7.4 Limitation on Liabilities. NOTWITHSTANDING ANYTHING CONTAINED HEREIN TO THE CONTRARY, NEITHER PARTY SHALL HAVE ANY LIABILITY TO THE OTHER PARTY FOR ANY LOST PROFITS, OR SPECIAL, INCIDENTAL, PUNITIVE, EXEMPLARY, INDIRECT, OR CONSEQUENTIAL DAMAGES, EVEN IF SUCH PARTY HAS BEEN ADVISED OF THE POSSIBILITY OF SUCH DAMAGES, NOR SHALL ANY OF THE TERMS OF THIS AGREEMENT BENEFIT OR CREATE ANY RIGHT OR CAUSE OF ACTION IN OR ON BEHALF OF ANY PERSON OR ENTITY OTHER THAN THE PARTIES HERETO REGARDLESS OF THE FORM OF THE ACTION, DAMAGE, CLAIM, LIABILITY, COST, EXPENSE, OR LOSS, WHETHER IN CONTRACT, STATUTE, TORT (INCLUDING WITHOUT LIMITATION, NEGLIGENCE), OR OTHERWISE, PROVIDED THAT THIS LIMITATION SHALL NOT APPLY TO ANY AMOUNTS PAYABLE TO THIRD PARTIES UNDER THE INDEMNIFICATION PROVISIONS OF THIS AGREEMENT.
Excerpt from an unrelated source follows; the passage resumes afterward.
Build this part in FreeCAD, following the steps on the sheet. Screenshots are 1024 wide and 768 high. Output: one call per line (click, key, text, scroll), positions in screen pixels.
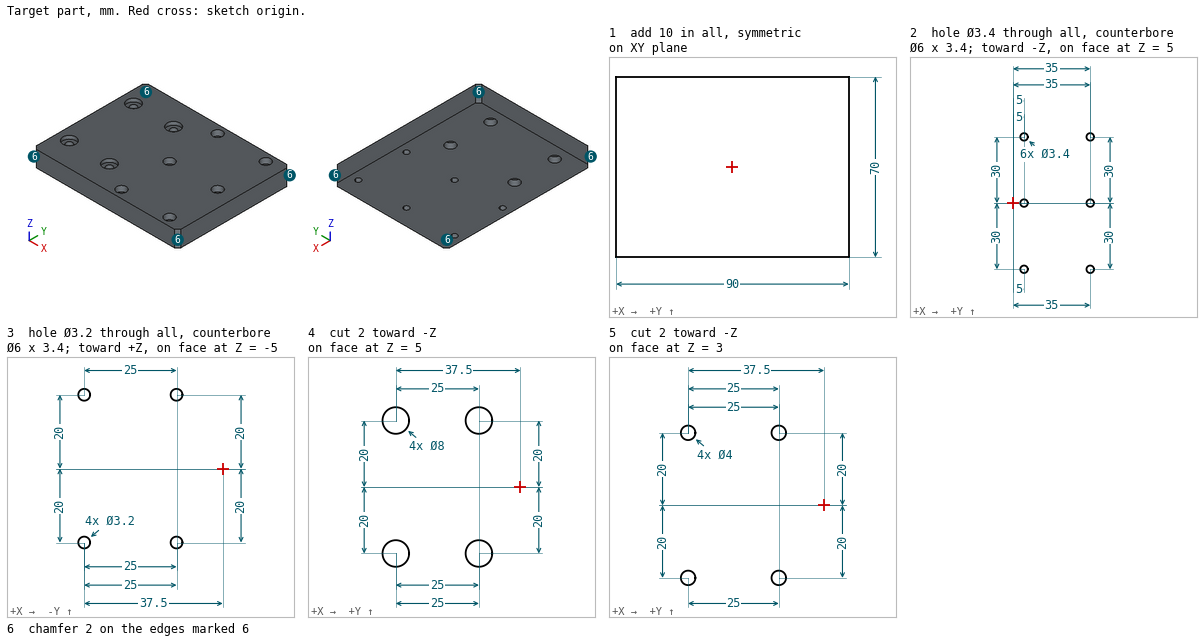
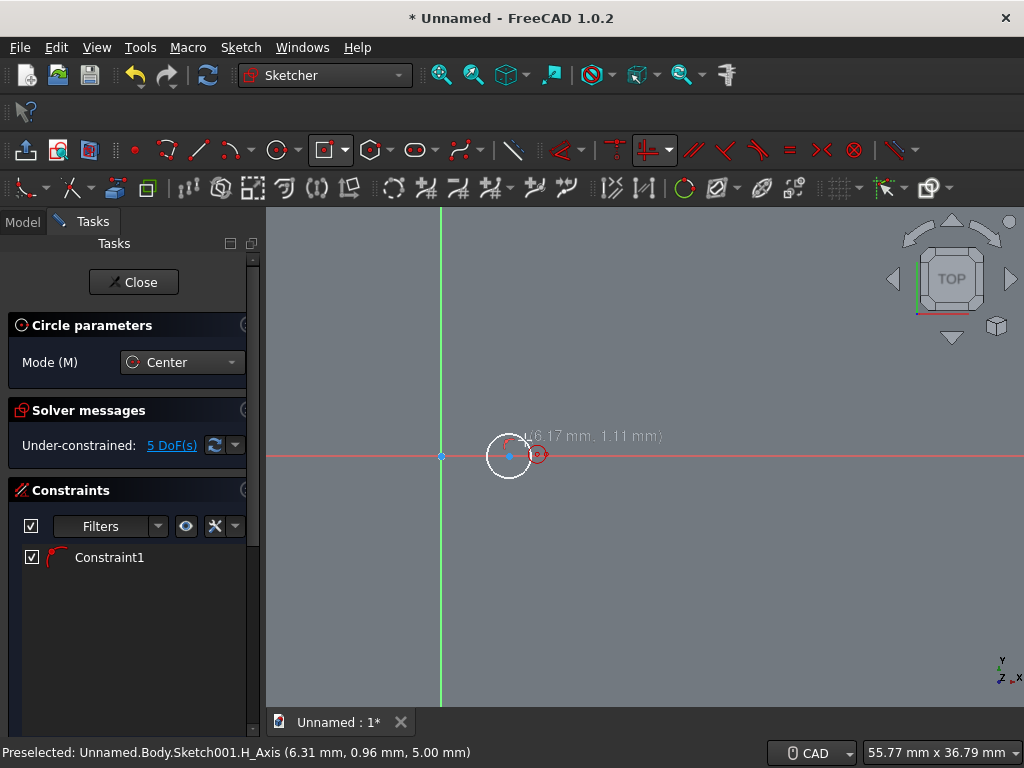
scroll(510, 458, down, 5)

7.5 Indemnification Procedures.
(a) Whenever any claim shall arise for indemnification hereunder, the party entitled to indemnification (the “Indemnified Party”) shall promptly provide written notice of such claim to the other party (the “Indemnifying Party”). In connection with any claim giving rise to indemnity hereunder resulting from or arising out of any Action by a person or entity who is not a party to this Agreement, the Indemnifying Party, at its sole cost and expense and upon written notice to the Indemnified Party, may assume the defense of any such Action with counsel reasonably satisfactory to the Indemnified Party. The Indemnified Party shall be entitled to participate in the defense of any such Action, with its counsel and at its own cost and expense.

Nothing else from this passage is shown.